By Douglas G. Burnette, Jr., M.D., CFP® | October 24, 2012

I always marveled at my grandmother’s life. Born in the year of the Wright brothers first flight at Kitty Hawk, she lived to see men walking on the moon. My radiology life has similarly spanned an amazing period of development. It began when I looked at the bones of my feet on a greenish screen while being fitted for shoes as a child.

My career in radiology began in the late 1970s at the Naval Hospital at Bethesda. Film screen, mirror optics, dictation belts, articulated arm B-mode ultrasound, Pantopaque myelography, lymphangiography, and vessel-searing ionic contrast arteriography were the standards of the day. Post Thorotrast injection films and yellowed films diagnostic of some manifestation of syphilis were “Aunt Minnies” in our teaching file. I helped perform the last pneumoencephalogram performed at Bethesda. (That was one procedure I immediately added to my list of procedures I never wanted to have performed on me.) I remember early, water bag head only CT scans and 25-second, rotate-and-translate CT scans that required near general anesthesia to be useful.

(MORE: The Invisible Gorilla in the Room)

There was a fascinating exhibit at an RSNA meeting in Chicago that demonstrated incredible anatomic detail. This interesting imaging technique was called Zeugmatography. A footnote suggested changing the name to Nuclear Magnetic Resonance or NMR. An even smaller footnote admitted that the images actually were made from cadavers and took 24 hours to generate. The authors conceded that this modality would likely never become clinically useful.

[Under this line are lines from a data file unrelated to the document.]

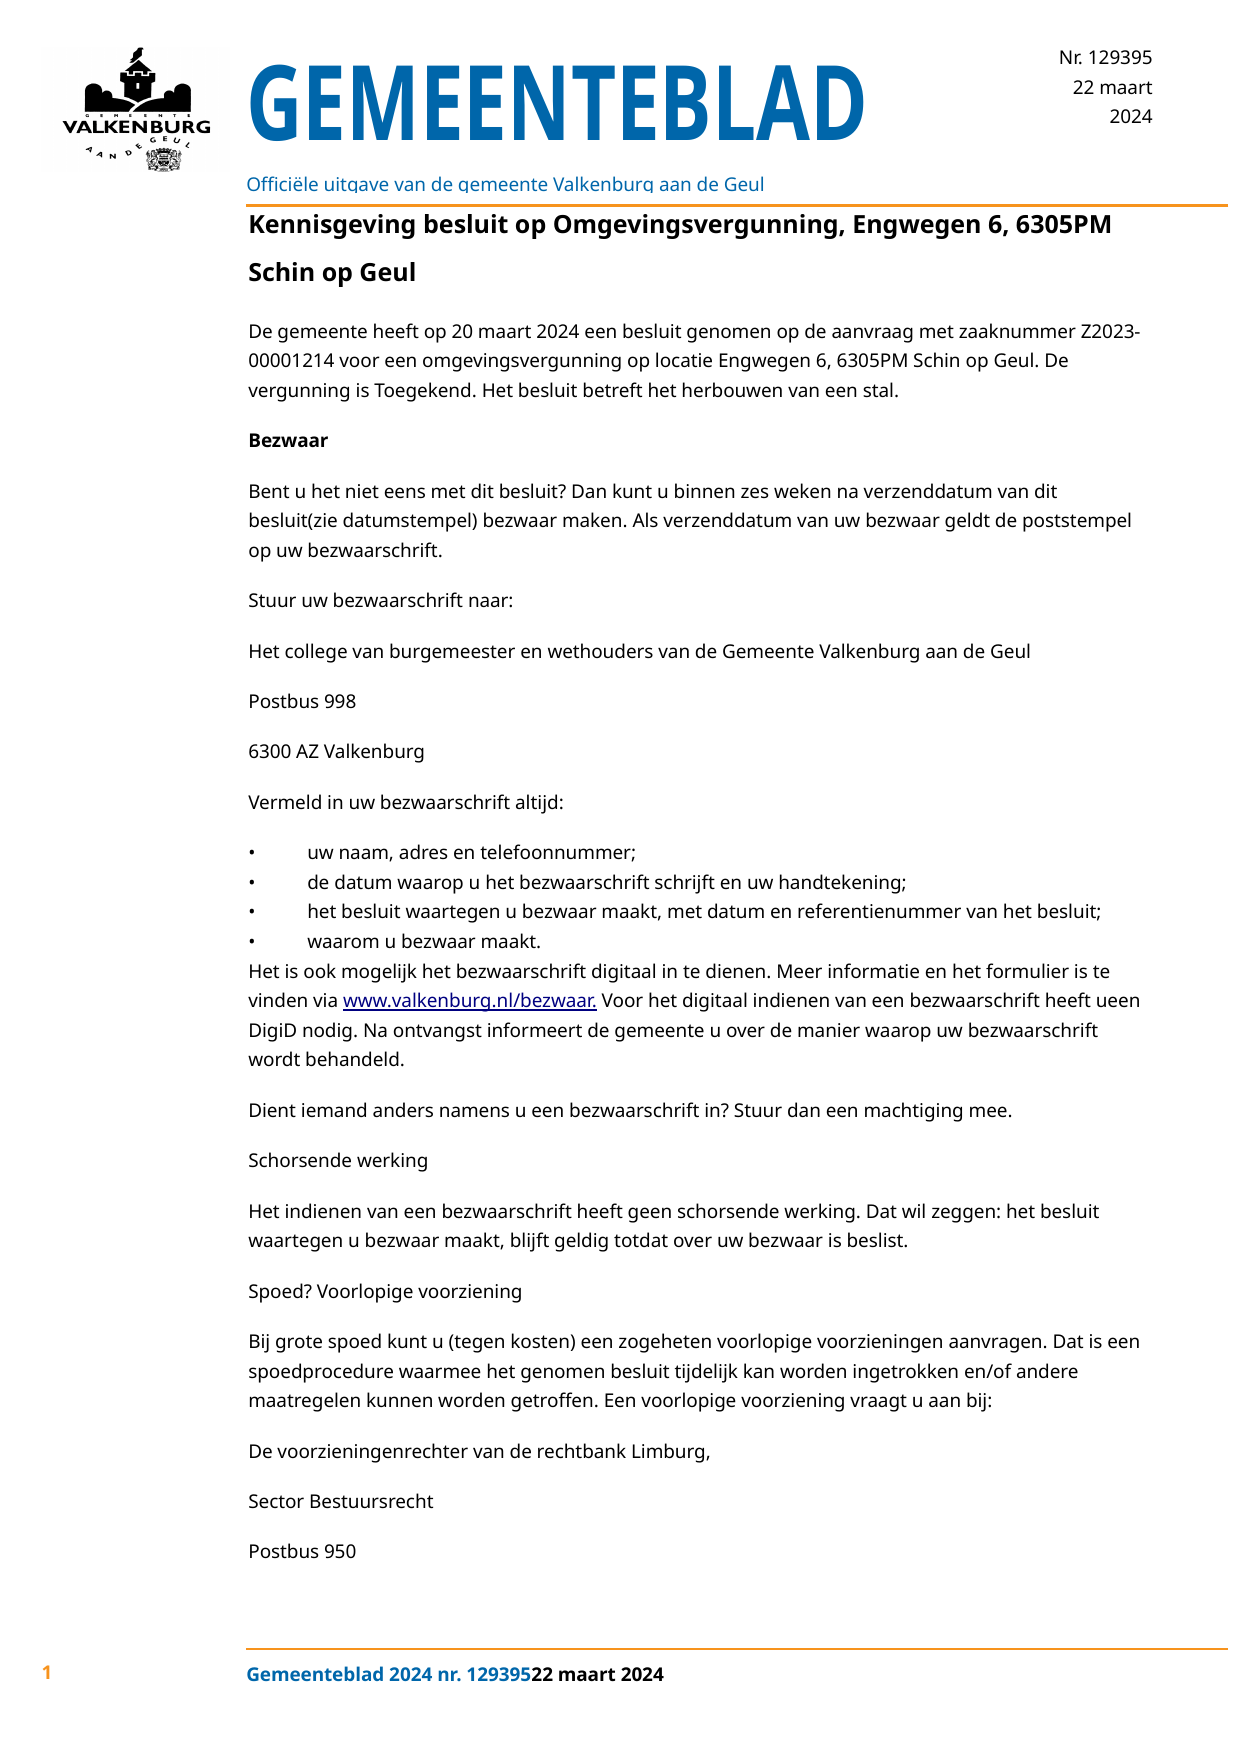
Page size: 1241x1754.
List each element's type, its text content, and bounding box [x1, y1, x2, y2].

text Postbus 950 [248, 1539, 1152, 1564]
text Dient iemand anders namens u een bezwaarschrift in? Stuur dan een machtiging mee. [248, 1097, 1152, 1123]
picture [41, 47, 231, 172]
text Bent u het niet eens met dit besluit? Dan kunt u binnen zes weken na verzenddatum van dit besluit(zie datumstempel) bezwaar maken. Als verzenddatum van uw bezwaar geldt de poststempel op uw bezwaarschrift. [248, 478, 1152, 563]
text Bezwaar [248, 427, 1152, 453]
list het besluit waartegen u bezwaar maakt, met datum en referentienummer van het besluit; [248, 899, 1152, 924]
text Schorsende werking [248, 1147, 1152, 1173]
text Stuur uw bezwaarschrift naar: [248, 587, 1152, 613]
text Sector Bestuursrecht [248, 1488, 1152, 1514]
text De gemeente heeft op 20 maart 2024 een besluit genomen op de aanvraag met zaaknummer Z2023-00001214 voor een omgevingsvergunning op locatie Engwegen 6, 6305PM Schin op Geul. De vergunning is Toegekend. Het besluit betreft het herbouwen van een stal. [248, 318, 1152, 403]
text Bij grote spoed kunt u (tegen kosten) een zogeheten voorlopige voorzieningen aanvragen. Dat is een spoedprocedure waarmee het genomen besluit tijdelijk kan worden ingetrokken en/of andere maatregelen kunnen worden getroffen. Een voorlopige voorziening vraagt u aan bij: [248, 1328, 1152, 1413]
text Kennisgeving besluit op Omgevingsvergunning, Engwegen 6, 6305PM Schin op Geul [248, 207, 1152, 288]
text Het is ook mogelijk het bezwaarschrift digitaal in te dienen. Meer informatie en het formulier is te vinden via www.valkenburg.nl/bezwaar. Voor het digitaal indienen van een bezwaarschrift heeft ueen DigiD nodig. Na ontvangst informeert de gemeente u over de manier waarop uw bezwaarschrift wordt behandeld. [248, 958, 1152, 1072]
list waarom u bezwaar maakt. [248, 928, 1152, 954]
text Het college van burgemeester en wethouders van de Gemeente Valkenburg aan de Geul [248, 638, 1152, 664]
text 6300 AZ Valkenburg [248, 739, 1152, 764]
list de datum waarop u het bezwaarschrift schrijft en uw handtekening; [248, 869, 1152, 895]
list uw naam, adres en telefoonnummer; [248, 839, 1152, 865]
text Het indienen van een bezwaarschrift heeft geen schorsende werking. Dat wil zeggen: het besluit waartegen u bezwaar maakt, blijft geldig totdat over uw bezwaar is beslist. [248, 1198, 1152, 1253]
text Vermeld in uw bezwaarschrift altijd: [248, 789, 1152, 815]
text Spoed? Voorlopige voorziening [248, 1278, 1152, 1304]
text Postbus 998 [248, 688, 1152, 714]
text De voorzieningenrechter van de rechtbank Limburg, [248, 1438, 1152, 1464]

Now we have multi-slice CT scanners fast enough to freeze the motion of the heart and depict the anatomy of the coronary arteries or scan the body in a single breath hold. Scans can easily be generated faster than they can be interpreted. Instead of reading hundreds of images a day on viewboxes, we are reading thousands on computer monitors. Ultrasounds actually resemble human anatomical structures instead of a sonar man’s view of the ocean floor. And of course, NMR has been renamed MRI and is a premier imaging modality.

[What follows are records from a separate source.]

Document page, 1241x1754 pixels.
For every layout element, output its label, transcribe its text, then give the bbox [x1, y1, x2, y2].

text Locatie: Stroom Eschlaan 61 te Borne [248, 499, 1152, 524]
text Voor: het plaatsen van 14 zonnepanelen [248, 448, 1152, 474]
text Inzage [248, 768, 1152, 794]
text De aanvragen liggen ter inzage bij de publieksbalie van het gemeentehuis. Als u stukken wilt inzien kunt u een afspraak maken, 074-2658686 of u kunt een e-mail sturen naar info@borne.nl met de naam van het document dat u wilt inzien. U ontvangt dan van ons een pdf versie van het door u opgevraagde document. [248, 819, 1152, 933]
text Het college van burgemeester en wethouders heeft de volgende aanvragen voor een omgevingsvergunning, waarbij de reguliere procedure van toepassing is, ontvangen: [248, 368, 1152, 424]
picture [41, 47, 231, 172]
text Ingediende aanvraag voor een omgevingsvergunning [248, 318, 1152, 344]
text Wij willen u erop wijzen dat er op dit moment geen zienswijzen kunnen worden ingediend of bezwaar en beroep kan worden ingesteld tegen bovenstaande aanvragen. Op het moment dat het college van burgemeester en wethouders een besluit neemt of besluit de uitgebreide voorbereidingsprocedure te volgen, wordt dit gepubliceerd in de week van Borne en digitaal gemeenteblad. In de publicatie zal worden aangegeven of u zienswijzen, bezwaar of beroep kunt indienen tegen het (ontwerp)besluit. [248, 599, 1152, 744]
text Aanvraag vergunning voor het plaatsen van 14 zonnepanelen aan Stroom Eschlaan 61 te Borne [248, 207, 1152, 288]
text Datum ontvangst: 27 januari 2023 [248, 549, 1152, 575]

No more waits for transcription to pick up your tapes, peck away at their typewriter, and return you a report for your review and initials. We are now our own transcriptionists with the spoken words appearing on a monitor as they are uttered. Instead of handwritten preliminary reports, our referring physicians get computer generated final reports. There was a time when you could get enough sleep on call to be functional the following morning. Now we pay a stranger more than we are reimbursed to generate preliminary reports at night so we can get a few hours of sleep.

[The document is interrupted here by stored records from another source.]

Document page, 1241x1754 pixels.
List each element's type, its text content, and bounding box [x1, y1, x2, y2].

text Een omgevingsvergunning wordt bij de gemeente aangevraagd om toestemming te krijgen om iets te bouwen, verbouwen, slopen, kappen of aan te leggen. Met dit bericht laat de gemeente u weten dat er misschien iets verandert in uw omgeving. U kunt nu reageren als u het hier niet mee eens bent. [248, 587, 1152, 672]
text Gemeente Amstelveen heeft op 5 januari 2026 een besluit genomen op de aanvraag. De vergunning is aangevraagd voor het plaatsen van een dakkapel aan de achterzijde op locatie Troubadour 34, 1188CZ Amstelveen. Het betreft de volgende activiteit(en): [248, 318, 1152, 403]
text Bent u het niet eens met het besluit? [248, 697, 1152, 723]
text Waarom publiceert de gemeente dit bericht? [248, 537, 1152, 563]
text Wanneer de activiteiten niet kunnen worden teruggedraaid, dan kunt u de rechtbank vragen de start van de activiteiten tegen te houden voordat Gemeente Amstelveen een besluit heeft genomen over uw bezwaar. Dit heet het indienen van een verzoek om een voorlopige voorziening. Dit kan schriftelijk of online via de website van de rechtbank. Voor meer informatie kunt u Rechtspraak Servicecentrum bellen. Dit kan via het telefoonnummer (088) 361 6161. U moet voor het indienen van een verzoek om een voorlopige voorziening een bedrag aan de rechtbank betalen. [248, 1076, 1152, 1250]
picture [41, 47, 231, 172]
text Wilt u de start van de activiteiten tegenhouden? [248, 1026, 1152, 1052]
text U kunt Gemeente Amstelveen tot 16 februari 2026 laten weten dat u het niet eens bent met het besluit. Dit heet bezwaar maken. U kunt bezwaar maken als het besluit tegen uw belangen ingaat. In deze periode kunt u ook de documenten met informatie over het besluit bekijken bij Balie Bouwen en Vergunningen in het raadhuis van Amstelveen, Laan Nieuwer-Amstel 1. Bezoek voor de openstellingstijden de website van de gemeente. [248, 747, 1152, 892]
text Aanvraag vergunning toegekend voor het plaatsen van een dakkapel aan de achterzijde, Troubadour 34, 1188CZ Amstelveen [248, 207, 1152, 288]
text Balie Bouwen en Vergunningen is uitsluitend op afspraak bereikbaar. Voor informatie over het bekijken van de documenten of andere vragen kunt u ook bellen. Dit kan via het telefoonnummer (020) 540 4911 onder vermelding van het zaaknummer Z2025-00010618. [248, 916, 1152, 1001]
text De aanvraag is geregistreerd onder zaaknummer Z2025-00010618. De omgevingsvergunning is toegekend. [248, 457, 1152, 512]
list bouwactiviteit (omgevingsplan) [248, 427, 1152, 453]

In our community, we no longer do arteriography. We lost that to the cardiologists just like we lost the nuclear heart studies to them. In the digital age, it is easy to distribute the images to far flung sites for interpretation. Hospital CEOs believe they can decide who reads what and don’t hesitate to allow non-radiologists to interpret what was formerly a radiology study. It definitely isn’t my grandmother’s radiology. I’m just afraid there might not be a granddaughter’s radiology.